Utica, NY (WIBX) - The Christian Patterson murder trial entered it's fourth day in Oneida County Court today. The jury heard from five witnesses, including Patterson's neighbor, Ernest Davenport. Davenport, who described his relationship to the suspect as a "drinking and hunting buddy" said he received several text messages a few minutes after 8:00 p.m. on the night of June 6, 2011. He received the first text at 8:03 p.m.

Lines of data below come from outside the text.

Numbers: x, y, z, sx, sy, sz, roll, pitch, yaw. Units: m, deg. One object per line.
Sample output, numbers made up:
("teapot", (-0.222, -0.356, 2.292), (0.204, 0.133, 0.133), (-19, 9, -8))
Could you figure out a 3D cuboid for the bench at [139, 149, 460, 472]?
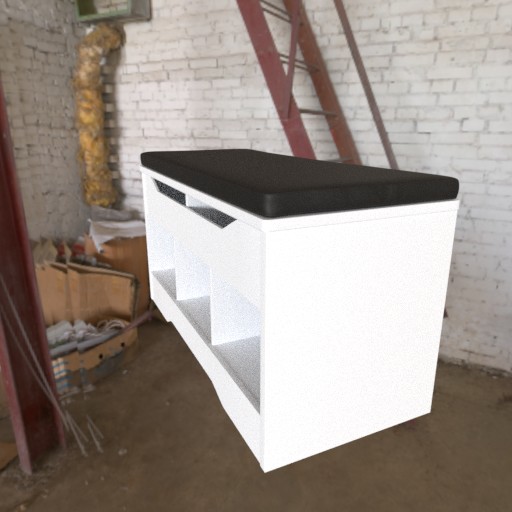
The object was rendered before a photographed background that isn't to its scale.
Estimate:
("bench", (0.000, 0.000, 1.172), (0.401, 0.500, 0.899), (-8, 19, -24))

They were from Patterson's 17-year-old son, Christian Patterson Junior, also known as "Little Chris." Davenport, who works as a trucker, says he was on a job near Syracuse at the time. After learning of the ensuing fight between Patterson and Secor, he told the jury he became concerned and decided to call Patterson at his home. He said after several attempts to try and calm him down over the phone, telling him, "Think about what you're doing." He said, "He said, 'I'm sick of that (b-expletive), I can't do this anymore.'" The he said he heard Patterson say something that scared him. "He said he was cocked and ready," he said. Davenport went on to explained to the jury during questioning that he heard Patterson say, "My guns are loaded, that he wasn't going to jail and he wasn't leaving his house." He also said he heard Patterson say that the police were on their way.

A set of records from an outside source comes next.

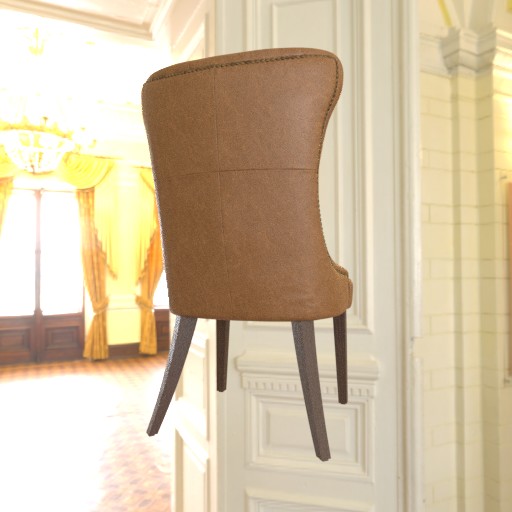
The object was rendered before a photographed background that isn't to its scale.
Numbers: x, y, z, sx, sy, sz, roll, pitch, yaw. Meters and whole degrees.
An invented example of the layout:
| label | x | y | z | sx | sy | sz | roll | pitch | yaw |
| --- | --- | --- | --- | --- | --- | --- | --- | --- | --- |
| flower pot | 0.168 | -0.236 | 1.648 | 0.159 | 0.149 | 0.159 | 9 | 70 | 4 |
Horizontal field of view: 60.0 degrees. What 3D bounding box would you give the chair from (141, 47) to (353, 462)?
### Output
| label | x | y | z | sx | sy | sz | roll | pitch | yaw |
| --- | --- | --- | --- | --- | --- | --- | --- | --- | --- |
| chair | 0.000 | 0.000 | 1.435 | 0.611 | 1.065 | 0.669 | 0 | -1 | 19 |

Davenport who also goes by "Mike" said that Patterson had shared some of his relationship woes with him on occasion. He said Patterson shared that he suspected that Secor was seeing someone else. He also referred to Patterson's relationship with his son as "sketchy" and that he yelled at him a lot. "They argued a lot," he added. He also told the court that Patterson would require his son to work  or help out in the house before he could play his X-Box. He said before he could continue to calm Patterson down the phone went dead. He said when he arrived home around 11:30 p.m., Knoxboro road was blocked off. After letting officials on the scene know that he lived on the street, he was instructed to go home and stay there.

During cross examination Davenport talked about Patterson's hunting skills. The defense seemed to attempt to establish that Patterson was not a very good shot. Davenport said he never saw Patterson shoot a deer during their hunting outings.

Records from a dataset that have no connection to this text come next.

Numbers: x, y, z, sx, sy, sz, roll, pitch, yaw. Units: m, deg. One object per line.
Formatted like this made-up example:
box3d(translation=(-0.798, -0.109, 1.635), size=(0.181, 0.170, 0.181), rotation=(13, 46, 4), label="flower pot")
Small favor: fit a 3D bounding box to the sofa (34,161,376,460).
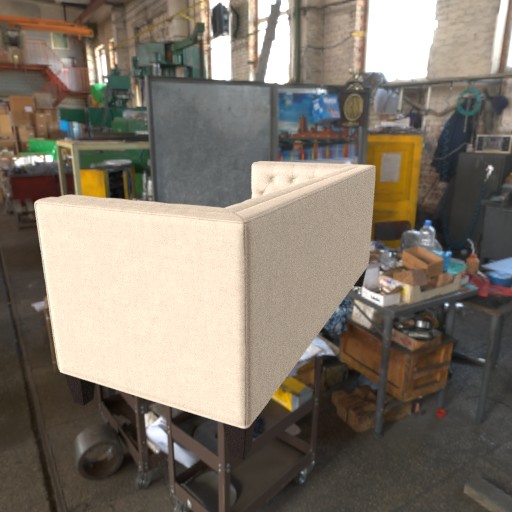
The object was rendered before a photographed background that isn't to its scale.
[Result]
box3d(translation=(0.000, 0.000, 2.154), size=(0.775, 0.762, 1.778), rotation=(8, 18, 24), label="sofa")
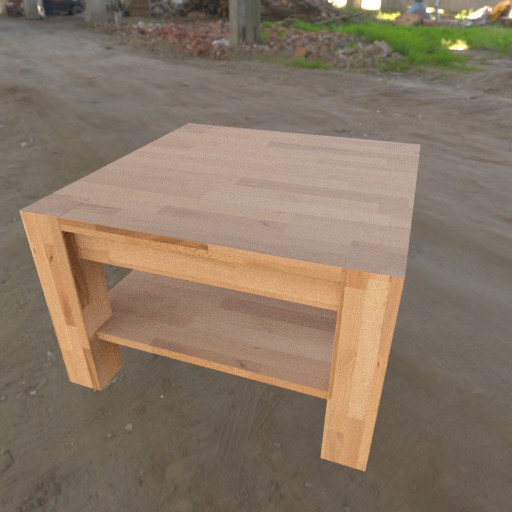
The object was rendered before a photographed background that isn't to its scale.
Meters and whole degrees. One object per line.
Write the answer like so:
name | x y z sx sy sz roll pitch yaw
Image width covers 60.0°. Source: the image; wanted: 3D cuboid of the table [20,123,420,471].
table | 0.000 0.000 1.134 0.700 0.451 0.700 10 32 17

Davenport said after the incident that claimed the life of Oneida County Sheriff's Deputy Kurt B. Wyman, he went to see Patterson in jail because he still considers him a friend. He said during their visit, Patterson brought up that statement and disputed that he said it. Daveport said they went back and forth about it, but maintained that he did hear him say it.

The prosecution team called five witnesses to testify today. Most were members of the Oneida County Sheriff's Office Emergency Response Team. The first witness was ERT Captain Antanavige. He was asked by defense attorney Frank Nebush if it was customary to drag these types of high-risk situations out for a long time to ensure a better outcome. He agreed that time is on their side, however he explained that the nature of law enforcement and in particularly, the work of ERT, requires improvising and adjustment as needed. He also talked about the strategies used to try and gain entry into the home to contain Patterson in the garage where he was hold up. He was also asked if he took inventory of any hazardous material that may be in the garage, to which the Captain said, "No." He also told the jury that he filed an official report about the incident about two and a half weeks later. Other officers called to testify throughout the week also told the jury that they did not file an incident report immediately. Some took time off to be with family and mourn the loss of one of their fellow officers.

It was also learned during testimony from a ballistic expert that Investigator David Nowakowsi fired three rounds from within patrol car 462 toward the garage, however none of the rounds hit the garage. It was determined that Patterson fired three rounds at the officers, however officials were only able to locate two of the shell casings. Trigger Reset Testing was also conducted on Patterson's shot gun to determine if he would have to pull the trigger each time to fire. The expert found that the suspect would have to pull the trigger each time to fire off a round.

Patterson  is facing an Aggravated Murder charge, as well as, an Assault charge for the stand-off in the Town of Augusta on Knoxboro Road. Patterson could be sentenced to life in prison without the possibility of parole. Testimony will continue in Judge Barry Donalty's court room on Monday 6, 2012.

Video showing Patterson leaving the court room during a break:

On Tuesday another high profile case is set to start right next door to Judge Donalty's court room--the trial of David Trebilcock, the Sherill man who stands accused of stabbing his then live-in girlfriend's six-year-old daughter to death.